After completion of course , you will be able to analyze Large Datasets & will work on a live project using PIG,HBase,HIVE & MapReduce to perform Analysis.
We will work on case studies related to domains like Finance, Media, Media, Stocks & more.
Case #1: Working with MapReduce, Pig, Hive & Flume
Problem Statement : Fetch structured & unstructured data sets from various sources like Social Media Sites, Web Server & structured source like MySQL, Oracle & others
and dump it into HDFS and then analyze the same datasets using PIG,HQL queries & MapReduce technologies to gain proficiency in Hadoop related stack & its ecosystem tools.
Data Analysis Steps in :
1. Dump XML & JSON datasets into HDFS.
2. Convert semi-structured data formats(JSON & XML) into structured format using Pig,Hive & MapReduce.
3. Push the data set into PIG & Hive environment for further analysis.
4. Writing Hive queries to push the output into relational database(RDBMS) using Sqoop.
5. Renders the result in Box Plot, Bar Graph & others using R & Python integration with Hadoop.

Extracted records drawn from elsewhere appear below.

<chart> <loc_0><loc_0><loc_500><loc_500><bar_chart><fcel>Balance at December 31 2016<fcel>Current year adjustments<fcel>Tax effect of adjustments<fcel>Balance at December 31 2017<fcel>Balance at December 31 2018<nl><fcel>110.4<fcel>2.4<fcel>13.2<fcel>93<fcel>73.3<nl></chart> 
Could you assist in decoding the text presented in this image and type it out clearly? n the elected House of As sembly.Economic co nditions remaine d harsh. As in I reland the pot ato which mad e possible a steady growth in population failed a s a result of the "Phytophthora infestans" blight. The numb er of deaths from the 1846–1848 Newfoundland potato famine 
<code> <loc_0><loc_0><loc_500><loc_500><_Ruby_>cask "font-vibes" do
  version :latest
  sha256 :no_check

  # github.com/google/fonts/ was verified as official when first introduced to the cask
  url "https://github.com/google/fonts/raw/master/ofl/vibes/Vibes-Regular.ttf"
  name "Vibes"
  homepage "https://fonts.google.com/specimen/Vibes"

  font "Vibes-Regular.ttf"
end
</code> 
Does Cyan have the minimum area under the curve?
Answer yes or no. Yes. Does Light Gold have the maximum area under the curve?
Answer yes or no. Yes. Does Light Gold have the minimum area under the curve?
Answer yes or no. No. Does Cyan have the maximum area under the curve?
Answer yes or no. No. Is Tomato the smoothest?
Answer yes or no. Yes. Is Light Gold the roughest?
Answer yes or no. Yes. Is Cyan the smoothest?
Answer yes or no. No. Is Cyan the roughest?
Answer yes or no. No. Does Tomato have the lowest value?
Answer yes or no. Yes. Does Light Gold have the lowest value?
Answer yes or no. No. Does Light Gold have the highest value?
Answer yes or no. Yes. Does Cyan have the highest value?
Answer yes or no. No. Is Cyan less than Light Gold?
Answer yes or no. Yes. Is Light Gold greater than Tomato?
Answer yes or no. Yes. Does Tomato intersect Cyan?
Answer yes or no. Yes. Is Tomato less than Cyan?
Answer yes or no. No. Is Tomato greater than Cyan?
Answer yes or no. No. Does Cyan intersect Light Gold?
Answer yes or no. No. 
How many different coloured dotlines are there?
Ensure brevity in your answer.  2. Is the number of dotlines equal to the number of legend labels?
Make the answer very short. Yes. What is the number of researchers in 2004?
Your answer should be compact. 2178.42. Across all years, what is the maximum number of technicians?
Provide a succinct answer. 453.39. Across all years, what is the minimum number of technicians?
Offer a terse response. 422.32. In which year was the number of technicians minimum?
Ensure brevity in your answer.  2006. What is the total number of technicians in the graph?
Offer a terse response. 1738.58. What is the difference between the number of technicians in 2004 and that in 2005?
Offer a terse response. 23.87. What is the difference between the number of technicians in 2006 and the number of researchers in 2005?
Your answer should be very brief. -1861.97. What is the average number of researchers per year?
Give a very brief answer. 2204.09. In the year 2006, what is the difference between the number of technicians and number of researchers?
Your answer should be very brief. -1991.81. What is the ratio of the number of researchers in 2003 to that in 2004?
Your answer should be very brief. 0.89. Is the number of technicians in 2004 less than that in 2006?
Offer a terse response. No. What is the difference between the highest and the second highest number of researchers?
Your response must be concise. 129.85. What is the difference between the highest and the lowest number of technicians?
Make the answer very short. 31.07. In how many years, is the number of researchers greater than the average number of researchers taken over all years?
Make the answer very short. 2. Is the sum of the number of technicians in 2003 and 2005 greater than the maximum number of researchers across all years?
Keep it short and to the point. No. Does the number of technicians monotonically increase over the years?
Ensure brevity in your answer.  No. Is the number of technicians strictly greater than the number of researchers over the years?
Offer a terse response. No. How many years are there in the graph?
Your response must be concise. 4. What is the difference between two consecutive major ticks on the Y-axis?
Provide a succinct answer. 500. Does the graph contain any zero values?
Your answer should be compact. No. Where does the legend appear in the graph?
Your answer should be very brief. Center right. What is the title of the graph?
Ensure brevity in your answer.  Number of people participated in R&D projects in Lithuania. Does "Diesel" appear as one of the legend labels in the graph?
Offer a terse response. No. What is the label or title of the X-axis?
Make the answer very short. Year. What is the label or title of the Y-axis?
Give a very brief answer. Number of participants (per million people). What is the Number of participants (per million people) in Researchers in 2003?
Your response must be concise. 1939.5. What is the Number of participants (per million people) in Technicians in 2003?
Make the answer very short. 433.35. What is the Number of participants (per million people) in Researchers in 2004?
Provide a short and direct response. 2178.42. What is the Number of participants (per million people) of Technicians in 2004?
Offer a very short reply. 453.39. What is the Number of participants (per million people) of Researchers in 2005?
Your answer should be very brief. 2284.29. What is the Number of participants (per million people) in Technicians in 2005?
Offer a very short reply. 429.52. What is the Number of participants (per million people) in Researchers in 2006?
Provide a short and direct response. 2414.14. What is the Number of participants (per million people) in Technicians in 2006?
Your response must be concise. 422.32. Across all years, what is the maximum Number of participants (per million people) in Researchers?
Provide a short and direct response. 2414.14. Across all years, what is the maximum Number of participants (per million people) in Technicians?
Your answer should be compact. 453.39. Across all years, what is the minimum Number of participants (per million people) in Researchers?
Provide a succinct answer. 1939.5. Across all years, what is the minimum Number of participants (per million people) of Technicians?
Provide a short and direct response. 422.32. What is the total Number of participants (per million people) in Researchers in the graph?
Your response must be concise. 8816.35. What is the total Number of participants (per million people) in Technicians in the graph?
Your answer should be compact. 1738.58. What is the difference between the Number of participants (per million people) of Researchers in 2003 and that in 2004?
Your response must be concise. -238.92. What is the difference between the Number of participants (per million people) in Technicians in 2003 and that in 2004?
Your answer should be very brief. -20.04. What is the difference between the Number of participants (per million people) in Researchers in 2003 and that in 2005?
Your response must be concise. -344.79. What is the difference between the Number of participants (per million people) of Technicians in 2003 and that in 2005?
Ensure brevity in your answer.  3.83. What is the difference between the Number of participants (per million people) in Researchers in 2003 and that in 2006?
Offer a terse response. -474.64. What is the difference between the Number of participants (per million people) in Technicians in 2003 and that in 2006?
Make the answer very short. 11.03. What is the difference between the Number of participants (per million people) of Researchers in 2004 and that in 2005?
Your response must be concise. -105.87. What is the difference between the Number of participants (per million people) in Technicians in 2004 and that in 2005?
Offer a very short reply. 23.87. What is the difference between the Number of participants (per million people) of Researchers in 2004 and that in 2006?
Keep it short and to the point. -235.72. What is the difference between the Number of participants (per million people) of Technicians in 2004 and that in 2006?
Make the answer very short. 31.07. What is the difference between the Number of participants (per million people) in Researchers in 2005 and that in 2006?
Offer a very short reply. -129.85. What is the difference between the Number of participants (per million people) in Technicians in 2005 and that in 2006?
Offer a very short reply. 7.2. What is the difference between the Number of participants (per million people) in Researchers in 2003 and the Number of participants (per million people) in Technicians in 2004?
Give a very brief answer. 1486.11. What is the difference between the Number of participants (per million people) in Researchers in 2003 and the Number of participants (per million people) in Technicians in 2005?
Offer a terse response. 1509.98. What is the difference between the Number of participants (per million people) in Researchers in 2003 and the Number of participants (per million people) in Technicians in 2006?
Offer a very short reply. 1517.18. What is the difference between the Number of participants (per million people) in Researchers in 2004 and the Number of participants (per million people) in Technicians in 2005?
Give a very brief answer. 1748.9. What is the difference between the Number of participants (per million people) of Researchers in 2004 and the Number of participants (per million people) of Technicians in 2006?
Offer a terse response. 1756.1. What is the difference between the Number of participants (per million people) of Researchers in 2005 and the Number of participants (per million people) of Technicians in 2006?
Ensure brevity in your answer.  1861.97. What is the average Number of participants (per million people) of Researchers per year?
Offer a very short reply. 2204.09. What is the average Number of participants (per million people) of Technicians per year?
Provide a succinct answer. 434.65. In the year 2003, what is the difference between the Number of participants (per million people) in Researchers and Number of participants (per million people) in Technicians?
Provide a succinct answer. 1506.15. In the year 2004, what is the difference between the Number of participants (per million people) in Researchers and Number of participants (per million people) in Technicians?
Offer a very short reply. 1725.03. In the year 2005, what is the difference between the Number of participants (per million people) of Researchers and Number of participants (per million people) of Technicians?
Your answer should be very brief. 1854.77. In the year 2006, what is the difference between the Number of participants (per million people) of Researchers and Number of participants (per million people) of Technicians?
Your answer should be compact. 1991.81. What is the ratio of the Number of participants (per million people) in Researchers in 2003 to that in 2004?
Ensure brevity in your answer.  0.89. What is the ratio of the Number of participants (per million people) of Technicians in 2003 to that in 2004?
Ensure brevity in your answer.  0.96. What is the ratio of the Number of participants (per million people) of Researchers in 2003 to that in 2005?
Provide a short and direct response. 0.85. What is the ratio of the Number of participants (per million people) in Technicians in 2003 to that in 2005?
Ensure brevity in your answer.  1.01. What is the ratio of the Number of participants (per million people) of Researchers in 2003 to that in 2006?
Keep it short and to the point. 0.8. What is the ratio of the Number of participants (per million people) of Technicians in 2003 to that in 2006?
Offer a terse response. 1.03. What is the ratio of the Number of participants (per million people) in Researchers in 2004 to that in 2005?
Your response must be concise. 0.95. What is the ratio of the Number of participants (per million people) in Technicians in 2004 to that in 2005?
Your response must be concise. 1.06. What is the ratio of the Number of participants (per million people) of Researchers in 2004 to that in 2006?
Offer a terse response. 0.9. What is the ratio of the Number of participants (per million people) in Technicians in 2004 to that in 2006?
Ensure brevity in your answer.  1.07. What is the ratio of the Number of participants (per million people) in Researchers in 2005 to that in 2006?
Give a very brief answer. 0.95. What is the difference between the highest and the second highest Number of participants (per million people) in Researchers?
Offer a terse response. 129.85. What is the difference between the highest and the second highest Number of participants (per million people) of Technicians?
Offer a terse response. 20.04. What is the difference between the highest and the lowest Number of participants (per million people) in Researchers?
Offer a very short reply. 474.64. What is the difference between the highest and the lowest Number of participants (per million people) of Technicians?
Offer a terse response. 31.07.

Case #2: Analyze Stock Market Data
Data : Data set contains stock information such as daily quotes ,Stock highest price, Stock opening price on New York Stock Exchange.
Problem Statement: Calculate Co-variance for stock data to solve storage & processing problems related to huge volume of data.
a)Positive Covariance, If investment instruments or stocks tend to be up or down during the same time periods, they have positive covariance.
b)Negative Co-variance, If return move inversely,If investment tends to be up while other is down, this shows Negative Co-variance.
Case #3: Hive, Pig & MapReduce with New York City Uber TripsProblem Statement: What was the busiest dispatch base by trips for a particular day on entire month?What day had the most active vehicles.What day had the most trips sorted by most to fewest.Dispatching_Base_Number is the NYC taxi & Limousine company code of that base that dispatched the UBER.active_vehicles shows the number of active UBER vehicles for a particular date & company(base). Trips is the number of trips for a particular base & date.
Case #4: Analyze Tourism Data
1. Top 20 destinations tourist frequently travel to: Based on given data we can find the most popular destinations where people travel frequently, based on the specific initial number of trips booked for a particular destination
2. Top 20 high air-revenue destinations, i.e the 20 cities that generate high airline revenues for travel, so that the discount offers can be given to attract more bookings for these destinations.
3. Top 20 locations from where most of the trips start based on booked trip count.
Case #5: Airport Flight Data Analysis
1. List of Delayed flights.
2. Find flights with zero stop.
3. List of Active Airlines all countries.
4. Source & Destination details of flights.
5. Reason why flight get delayed.
6. Time in different formats.
Case #6: Analyze Movie Ratings
Problem Statement: Analyze the movie ratings by different users to:
1. Get the user who has rated the most number of movies
2. Get the user who has rated the least number of movies
3. Get the count of total number of movies rated by user belonging to a specific occupation
4. Get the number of underage users
Case #7: Analyze Social Media Channels :
Data: DataSet Columns : VideoId, Uploader, Internal Day of establishment of You tube & the date of uploading of the video,Category,Length,Rating, Number of comments.
Problem Statement: Top 5 categories with maximum number of videos uploaded.
Problem Statement: Identify the top 5 categories in which the most number of videos are uploaded, the top 10 rated videos, and the top 10 most viewed videos.